### [Your goal]
Only the lines from the beginning of the entries through the one with "Could you give" should be written out, please, exactly and without any pictures.

Saved entries:

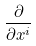Convert formula to latex. <formula><loc_0><loc_0><loc_500><loc_500>\frac { \partial } { \partial x ^ { i } }</formula> 
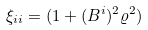Convert formula to latex. <formula><loc_0><loc_0><loc_500><loc_500>\xi _ { i i } = ( 1 + ( B ^ { i } ) ^ { 2 } \varrho ^ { 2 } )</formula> 
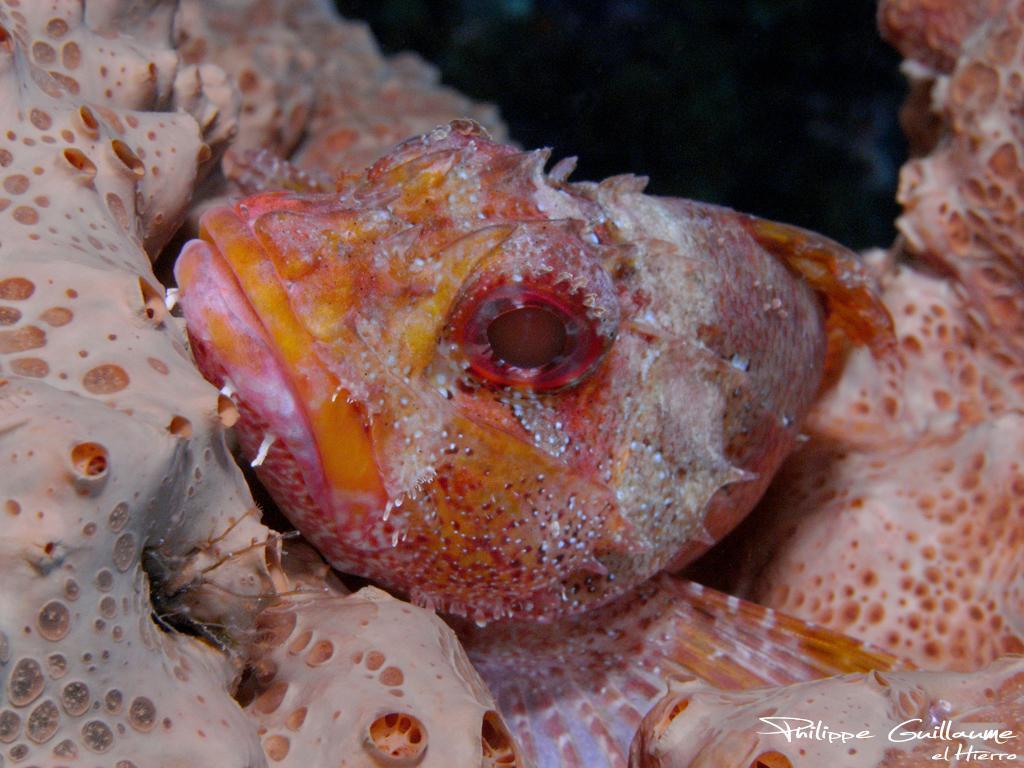Could you give a brief overview of what you see in this image? This image consists of fishes. In the front, we can see a fish in orange color. 
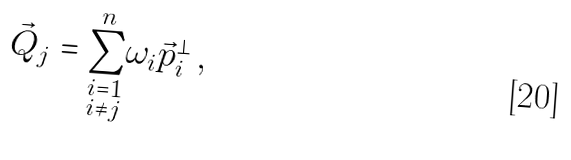Convert formula to latex. <formula><loc_0><loc_0><loc_500><loc_500>\vec { Q } _ { j } = { \sum _ { \substack { i = 1 \\ { i \ne j } } } ^ { n } } \omega _ { i } \vec { p } _ { i } ^ { \perp } \, ,</formula> 
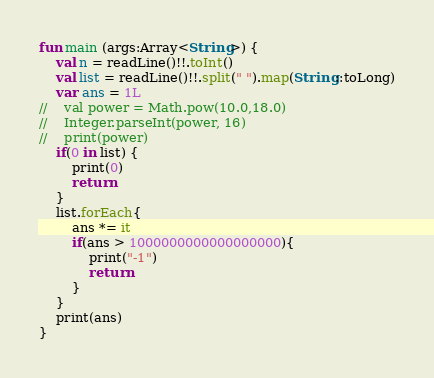<code> <loc_0><loc_0><loc_500><loc_500><_Kotlin_>fun main (args:Array<String>) {
    val n = readLine()!!.toInt()
    val list = readLine()!!.split(" ").map(String::toLong)
    var ans = 1L
//    val power = Math.pow(10.0,18.0)
//    Integer.parseInt(power, 16)
//    print(power)
    if(0 in list) {
        print(0)
        return
    }
    list.forEach{
        ans *= it
        if(ans > 1000000000000000000){
            print("-1")
            return
        }
    }
    print(ans)
}
</code> 
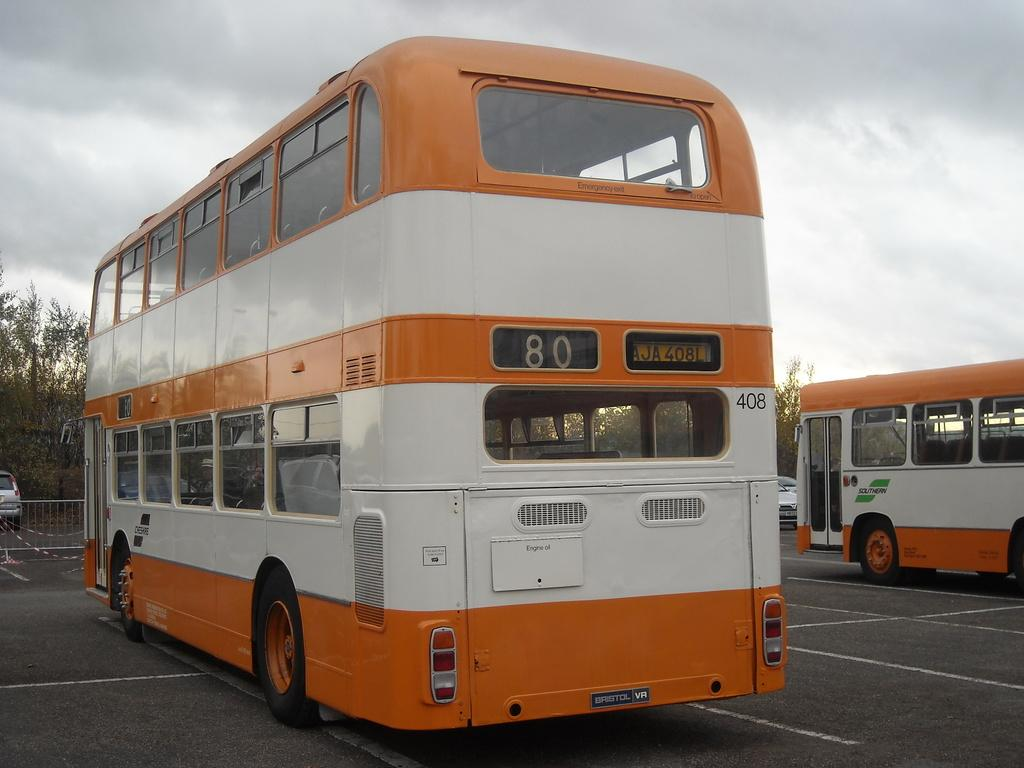What can be seen on the road in the image? There are vehicles on the road in the image. What is located near the road in the image? There is a fence in the image. What type of natural scenery is visible in the background of the image? There are trees in the background of the image. What is visible above the scene in the image? The sky is visible in the image. What can be observed in the sky in the image? Clouds are present in the sky. Is there any milk being poured in the image? There is no milk present in the image. Can you see anyone reading a book in the image? There is no one reading a book in the image. 
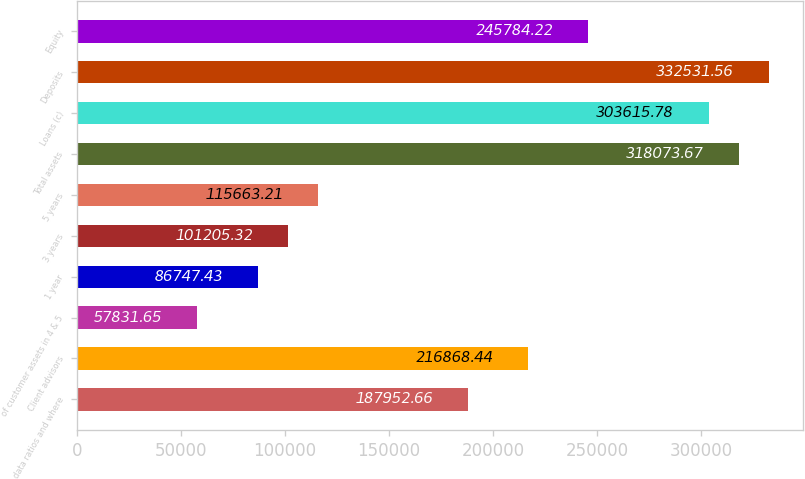Convert chart. <chart><loc_0><loc_0><loc_500><loc_500><bar_chart><fcel>data ratios and where<fcel>Client advisors<fcel>of customer assets in 4 & 5<fcel>1 year<fcel>3 years<fcel>5 years<fcel>Total assets<fcel>Loans (c)<fcel>Deposits<fcel>Equity<nl><fcel>187953<fcel>216868<fcel>57831.7<fcel>86747.4<fcel>101205<fcel>115663<fcel>318074<fcel>303616<fcel>332532<fcel>245784<nl></chart> 
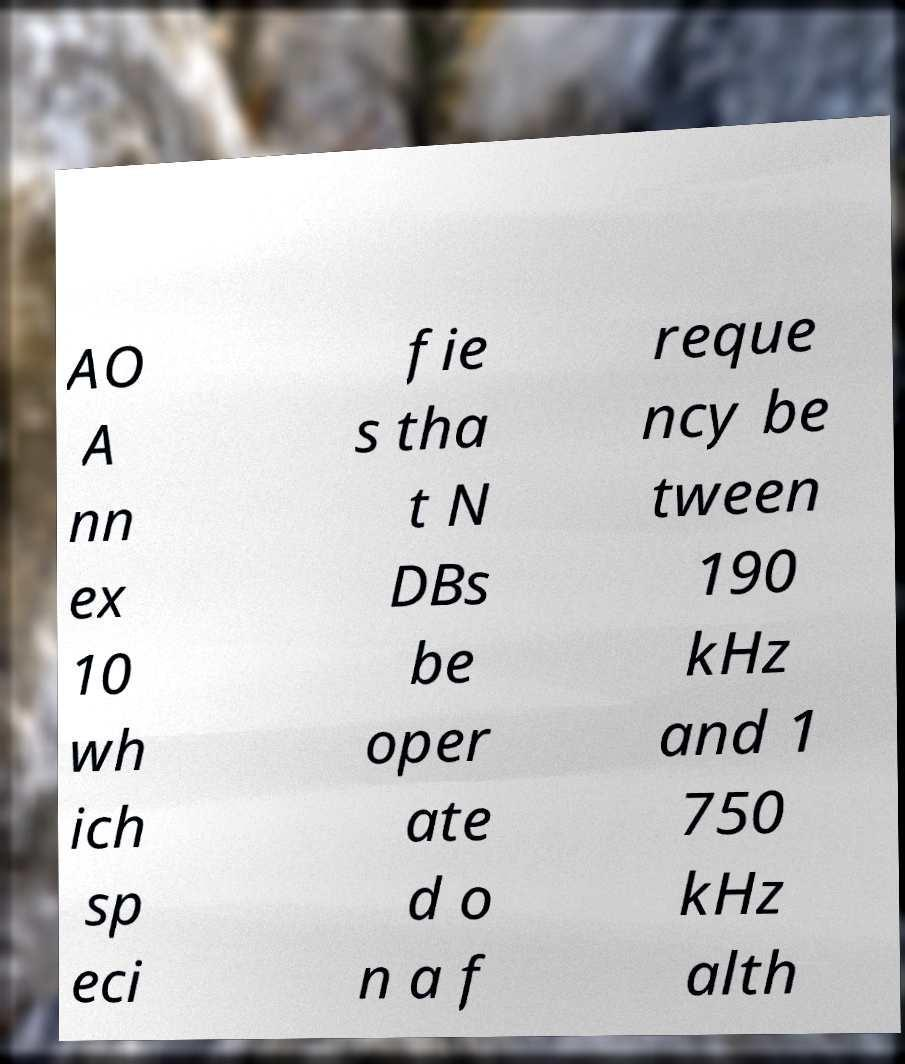Could you assist in decoding the text presented in this image and type it out clearly? AO A nn ex 10 wh ich sp eci fie s tha t N DBs be oper ate d o n a f reque ncy be tween 190 kHz and 1 750 kHz alth

### [Answer to the problem]
Convert formula to latex. <formula><loc_0><loc_0><loc_500><loc_500>\frac { \partial } { \partial x ^ { i } }</formula> 
Convert formula to latex. <formula><loc_0><loc_0><loc_500><loc_500>\xi _ { i i } = ( 1 + ( B ^ { i } ) ^ { 2 } \varrho ^ { 2 } )</formula> 
Could you give a brief overview of what you see in this image? This image consists of fishes. In the front, we can see a fish in orange color. 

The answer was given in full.